▶ TASK TO CARRY OUT:
The full set of entries is to be printed exactly, with pictures excluded.

Data items
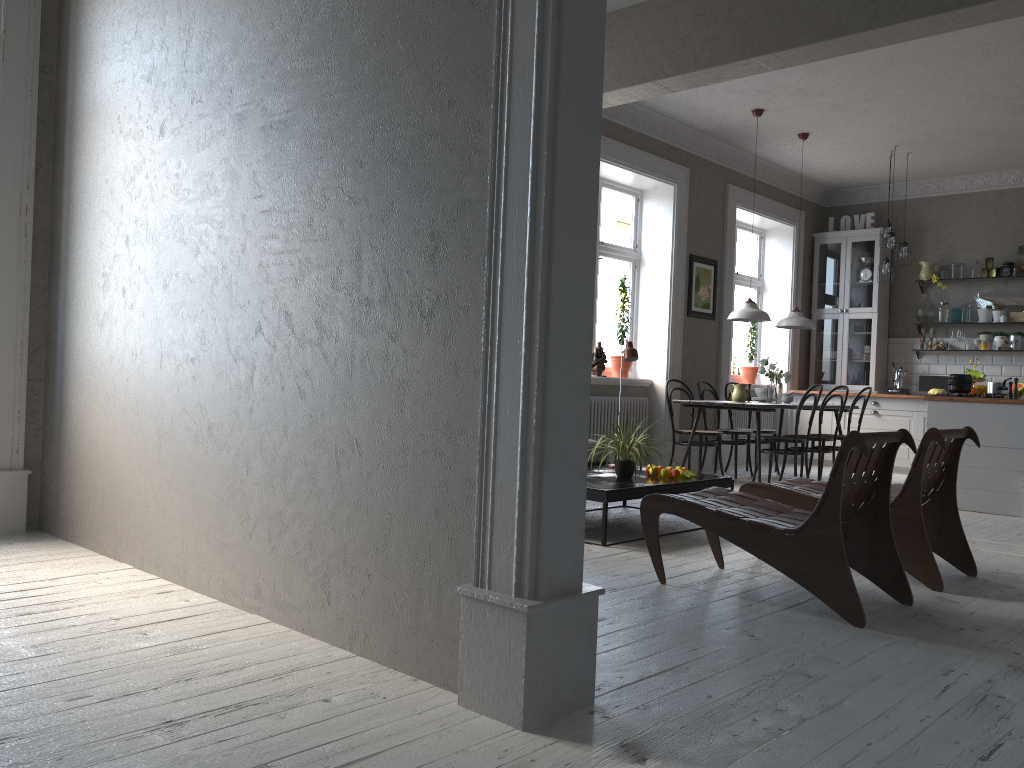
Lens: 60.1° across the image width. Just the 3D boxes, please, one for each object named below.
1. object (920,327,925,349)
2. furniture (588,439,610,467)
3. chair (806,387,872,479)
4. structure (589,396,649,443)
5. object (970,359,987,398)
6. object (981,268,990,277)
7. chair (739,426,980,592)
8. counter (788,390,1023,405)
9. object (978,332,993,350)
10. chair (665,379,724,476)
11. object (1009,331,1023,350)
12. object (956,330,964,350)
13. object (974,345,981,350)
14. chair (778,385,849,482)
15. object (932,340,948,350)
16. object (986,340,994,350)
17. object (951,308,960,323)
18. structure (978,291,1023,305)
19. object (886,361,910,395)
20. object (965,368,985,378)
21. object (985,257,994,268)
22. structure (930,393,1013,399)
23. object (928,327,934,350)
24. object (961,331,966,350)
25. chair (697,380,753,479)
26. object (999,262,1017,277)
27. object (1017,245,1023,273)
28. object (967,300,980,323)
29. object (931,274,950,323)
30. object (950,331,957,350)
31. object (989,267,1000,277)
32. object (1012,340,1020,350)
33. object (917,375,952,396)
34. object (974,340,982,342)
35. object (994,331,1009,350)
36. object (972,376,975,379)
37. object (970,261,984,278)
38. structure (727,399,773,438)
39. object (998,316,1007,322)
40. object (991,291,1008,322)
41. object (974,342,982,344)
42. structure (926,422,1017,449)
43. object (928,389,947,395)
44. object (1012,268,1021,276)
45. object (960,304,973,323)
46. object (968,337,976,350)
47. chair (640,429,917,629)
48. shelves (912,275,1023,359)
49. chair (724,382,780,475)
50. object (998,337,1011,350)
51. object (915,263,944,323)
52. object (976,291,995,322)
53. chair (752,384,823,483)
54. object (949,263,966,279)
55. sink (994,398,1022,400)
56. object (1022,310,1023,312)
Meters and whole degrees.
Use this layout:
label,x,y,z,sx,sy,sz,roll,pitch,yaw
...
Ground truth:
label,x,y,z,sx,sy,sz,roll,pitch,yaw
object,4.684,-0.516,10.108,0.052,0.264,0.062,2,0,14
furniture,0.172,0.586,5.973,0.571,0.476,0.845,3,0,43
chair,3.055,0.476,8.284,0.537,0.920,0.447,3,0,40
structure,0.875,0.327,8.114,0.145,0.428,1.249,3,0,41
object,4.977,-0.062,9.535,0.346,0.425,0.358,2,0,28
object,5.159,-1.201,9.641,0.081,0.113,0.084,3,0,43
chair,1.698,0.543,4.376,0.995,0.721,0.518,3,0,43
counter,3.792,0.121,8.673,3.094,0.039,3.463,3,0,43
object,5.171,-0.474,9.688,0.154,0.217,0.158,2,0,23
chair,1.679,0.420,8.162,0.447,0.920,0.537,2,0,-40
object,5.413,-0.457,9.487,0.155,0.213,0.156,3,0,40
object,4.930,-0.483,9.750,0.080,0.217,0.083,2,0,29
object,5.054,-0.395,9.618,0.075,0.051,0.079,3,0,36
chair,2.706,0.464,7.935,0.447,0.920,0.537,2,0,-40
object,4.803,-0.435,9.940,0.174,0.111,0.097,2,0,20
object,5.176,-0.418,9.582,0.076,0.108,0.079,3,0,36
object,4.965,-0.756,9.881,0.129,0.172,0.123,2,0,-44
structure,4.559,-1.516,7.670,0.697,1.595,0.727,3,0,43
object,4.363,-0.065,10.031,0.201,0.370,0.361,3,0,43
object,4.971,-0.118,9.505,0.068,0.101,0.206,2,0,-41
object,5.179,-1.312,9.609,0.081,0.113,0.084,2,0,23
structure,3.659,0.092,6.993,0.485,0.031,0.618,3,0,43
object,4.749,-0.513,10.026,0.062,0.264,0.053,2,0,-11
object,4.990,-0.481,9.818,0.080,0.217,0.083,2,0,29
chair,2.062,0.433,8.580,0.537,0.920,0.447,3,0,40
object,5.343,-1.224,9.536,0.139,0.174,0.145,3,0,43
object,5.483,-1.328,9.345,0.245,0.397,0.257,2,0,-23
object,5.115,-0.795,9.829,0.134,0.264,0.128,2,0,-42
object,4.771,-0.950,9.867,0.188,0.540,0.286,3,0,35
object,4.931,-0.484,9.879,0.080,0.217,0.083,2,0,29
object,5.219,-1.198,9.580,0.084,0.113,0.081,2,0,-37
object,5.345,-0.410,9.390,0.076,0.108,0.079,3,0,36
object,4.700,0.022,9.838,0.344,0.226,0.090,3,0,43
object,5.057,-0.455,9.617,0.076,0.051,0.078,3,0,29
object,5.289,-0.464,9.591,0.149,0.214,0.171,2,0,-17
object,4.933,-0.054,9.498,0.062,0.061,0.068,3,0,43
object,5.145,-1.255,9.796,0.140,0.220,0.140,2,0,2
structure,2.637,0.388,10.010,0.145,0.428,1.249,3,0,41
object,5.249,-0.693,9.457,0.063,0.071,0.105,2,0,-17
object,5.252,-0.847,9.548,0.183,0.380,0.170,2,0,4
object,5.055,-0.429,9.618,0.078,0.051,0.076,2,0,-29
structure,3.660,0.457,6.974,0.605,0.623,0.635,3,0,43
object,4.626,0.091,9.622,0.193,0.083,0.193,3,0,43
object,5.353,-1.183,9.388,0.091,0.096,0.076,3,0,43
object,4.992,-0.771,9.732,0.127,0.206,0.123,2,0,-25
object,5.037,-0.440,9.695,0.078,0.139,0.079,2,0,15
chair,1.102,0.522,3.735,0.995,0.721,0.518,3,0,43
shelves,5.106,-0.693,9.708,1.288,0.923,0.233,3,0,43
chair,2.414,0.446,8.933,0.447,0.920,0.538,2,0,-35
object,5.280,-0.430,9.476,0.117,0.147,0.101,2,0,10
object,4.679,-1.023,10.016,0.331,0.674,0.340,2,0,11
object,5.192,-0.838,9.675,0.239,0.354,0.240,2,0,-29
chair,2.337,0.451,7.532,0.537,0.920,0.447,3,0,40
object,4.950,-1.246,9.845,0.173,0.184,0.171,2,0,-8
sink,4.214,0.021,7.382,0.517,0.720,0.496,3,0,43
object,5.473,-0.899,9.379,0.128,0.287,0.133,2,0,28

▶ REPLY TO THE TASK:
Lens: 60.1° across the image width. Just the 3D boxes, please, one for each object named below.
1. object (920,327,925,349)
2. furniture (588,439,610,467)
3. chair (806,387,872,479)
4. structure (589,396,649,443)
5. object (970,359,987,398)
6. object (981,268,990,277)
7. chair (739,426,980,592)
8. counter (788,390,1023,405)
9. object (978,332,993,350)
10. chair (665,379,724,476)
11. object (1009,331,1023,350)
12. object (956,330,964,350)
13. object (974,345,981,350)
14. chair (778,385,849,482)
15. object (932,340,948,350)
16. object (986,340,994,350)
17. object (951,308,960,323)
18. structure (978,291,1023,305)
19. object (886,361,910,395)
20. object (965,368,985,378)
21. object (985,257,994,268)
22. structure (930,393,1013,399)
23. object (928,327,934,350)
24. object (961,331,966,350)
25. chair (697,380,753,479)
26. object (999,262,1017,277)
27. object (1017,245,1023,273)
28. object (967,300,980,323)
29. object (931,274,950,323)
30. object (950,331,957,350)
31. object (989,267,1000,277)
32. object (1012,340,1020,350)
33. object (917,375,952,396)
34. object (974,340,982,342)
35. object (994,331,1009,350)
36. object (972,376,975,379)
37. object (970,261,984,278)
38. structure (727,399,773,438)
39. object (998,316,1007,322)
40. object (991,291,1008,322)
41. object (974,342,982,344)
42. structure (926,422,1017,449)
43. object (928,389,947,395)
44. object (1012,268,1021,276)
45. object (960,304,973,323)
46. object (968,337,976,350)
47. chair (640,429,917,629)
48. shelves (912,275,1023,359)
49. chair (724,382,780,475)
50. object (998,337,1011,350)
51. object (915,263,944,323)
52. object (976,291,995,322)
53. chair (752,384,823,483)
54. object (949,263,966,279)
55. sink (994,398,1022,400)
56. object (1022,310,1023,312)
Meters and whole degrees.
Use this layout:
label,x,y,z,sx,sy,sz,roll,pitch,yaw
...
Ground truth:
label,x,y,z,sx,sy,sz,roll,pitch,yaw
object,4.684,-0.516,10.108,0.052,0.264,0.062,2,0,14
furniture,0.172,0.586,5.973,0.571,0.476,0.845,3,0,43
chair,3.055,0.476,8.284,0.537,0.920,0.447,3,0,40
structure,0.875,0.327,8.114,0.145,0.428,1.249,3,0,41
object,4.977,-0.062,9.535,0.346,0.425,0.358,2,0,28
object,5.159,-1.201,9.641,0.081,0.113,0.084,3,0,43
chair,1.698,0.543,4.376,0.995,0.721,0.518,3,0,43
counter,3.792,0.121,8.673,3.094,0.039,3.463,3,0,43
object,5.171,-0.474,9.688,0.154,0.217,0.158,2,0,23
chair,1.679,0.420,8.162,0.447,0.920,0.537,2,0,-40
object,5.413,-0.457,9.487,0.155,0.213,0.156,3,0,40
object,4.930,-0.483,9.750,0.080,0.217,0.083,2,0,29
object,5.054,-0.395,9.618,0.075,0.051,0.079,3,0,36
chair,2.706,0.464,7.935,0.447,0.920,0.537,2,0,-40
object,4.803,-0.435,9.940,0.174,0.111,0.097,2,0,20
object,5.176,-0.418,9.582,0.076,0.108,0.079,3,0,36
object,4.965,-0.756,9.881,0.129,0.172,0.123,2,0,-44
structure,4.559,-1.516,7.670,0.697,1.595,0.727,3,0,43
object,4.363,-0.065,10.031,0.201,0.370,0.361,3,0,43
object,4.971,-0.118,9.505,0.068,0.101,0.206,2,0,-41
object,5.179,-1.312,9.609,0.081,0.113,0.084,2,0,23
structure,3.659,0.092,6.993,0.485,0.031,0.618,3,0,43
object,4.749,-0.513,10.026,0.062,0.264,0.053,2,0,-11
object,4.990,-0.481,9.818,0.080,0.217,0.083,2,0,29
chair,2.062,0.433,8.580,0.537,0.920,0.447,3,0,40
object,5.343,-1.224,9.536,0.139,0.174,0.145,3,0,43
object,5.483,-1.328,9.345,0.245,0.397,0.257,2,0,-23
object,5.115,-0.795,9.829,0.134,0.264,0.128,2,0,-42
object,4.771,-0.950,9.867,0.188,0.540,0.286,3,0,35
object,4.931,-0.484,9.879,0.080,0.217,0.083,2,0,29
object,5.219,-1.198,9.580,0.084,0.113,0.081,2,0,-37
object,5.345,-0.410,9.390,0.076,0.108,0.079,3,0,36
object,4.700,0.022,9.838,0.344,0.226,0.090,3,0,43
object,5.057,-0.455,9.617,0.076,0.051,0.078,3,0,29
object,5.289,-0.464,9.591,0.149,0.214,0.171,2,0,-17
object,4.933,-0.054,9.498,0.062,0.061,0.068,3,0,43
object,5.145,-1.255,9.796,0.140,0.220,0.140,2,0,2
structure,2.637,0.388,10.010,0.145,0.428,1.249,3,0,41
object,5.249,-0.693,9.457,0.063,0.071,0.105,2,0,-17
object,5.252,-0.847,9.548,0.183,0.380,0.170,2,0,4
object,5.055,-0.429,9.618,0.078,0.051,0.076,2,0,-29
structure,3.660,0.457,6.974,0.605,0.623,0.635,3,0,43
object,4.626,0.091,9.622,0.193,0.083,0.193,3,0,43
object,5.353,-1.183,9.388,0.091,0.096,0.076,3,0,43
object,4.992,-0.771,9.732,0.127,0.206,0.123,2,0,-25
object,5.037,-0.440,9.695,0.078,0.139,0.079,2,0,15
chair,1.102,0.522,3.735,0.995,0.721,0.518,3,0,43
shelves,5.106,-0.693,9.708,1.288,0.923,0.233,3,0,43
chair,2.414,0.446,8.933,0.447,0.920,0.538,2,0,-35
object,5.280,-0.430,9.476,0.117,0.147,0.101,2,0,10
object,4.679,-1.023,10.016,0.331,0.674,0.340,2,0,11
object,5.192,-0.838,9.675,0.239,0.354,0.240,2,0,-29
chair,2.337,0.451,7.532,0.537,0.920,0.447,3,0,40
object,4.950,-1.246,9.845,0.173,0.184,0.171,2,0,-8
sink,4.214,0.021,7.382,0.517,0.720,0.496,3,0,43
object,5.473,-0.899,9.379,0.128,0.287,0.133,2,0,28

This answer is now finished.